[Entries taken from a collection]
____________
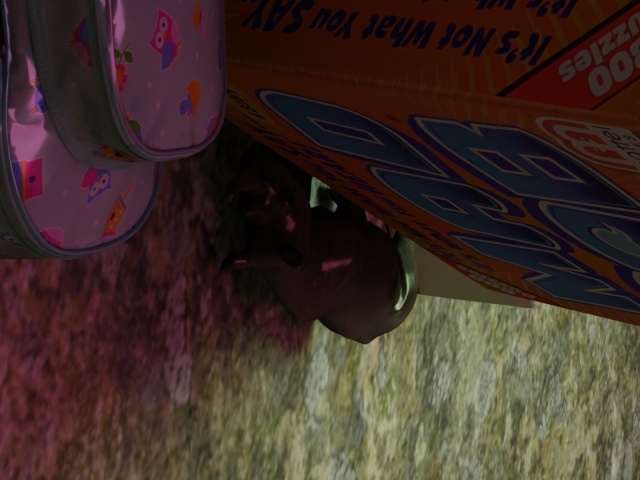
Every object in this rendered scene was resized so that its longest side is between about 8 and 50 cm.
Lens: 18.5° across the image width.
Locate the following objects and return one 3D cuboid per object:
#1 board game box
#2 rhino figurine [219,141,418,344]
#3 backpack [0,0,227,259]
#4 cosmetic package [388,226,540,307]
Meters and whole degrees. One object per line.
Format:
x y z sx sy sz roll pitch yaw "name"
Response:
0.186 -0.167 1.059 0.356 0.356 0.356 32 77 -43 "board game box"
0.000 0.000 1.223 0.243 0.073 0.106 28 67 -63 "rhino figurine"
-0.120 -0.083 0.845 0.166 0.144 0.188 -22 119 -70 "backpack"
0.108 -0.119 1.390 0.160 0.113 0.309 -60 146 -43 "cosmetic package"
____________
* WHAT IS NEEDED: The lines from the one holding "#4 cosmetic package [388,226,540,307]" to the last line of the entries, both included: retype them exactly and give nothing else.

* ANSWER BELOW:
#4 cosmetic package [388,226,540,307]
Meters and whole degrees. One object per line.
Format:
x y z sx sy sz roll pitch yaw "name"
Response:
0.186 -0.167 1.059 0.356 0.356 0.356 32 77 -43 "board game box"
0.000 0.000 1.223 0.243 0.073 0.106 28 67 -63 "rhino figurine"
-0.120 -0.083 0.845 0.166 0.144 0.188 -22 119 -70 "backpack"
0.108 -0.119 1.390 0.160 0.113 0.309 -60 146 -43 "cosmetic package"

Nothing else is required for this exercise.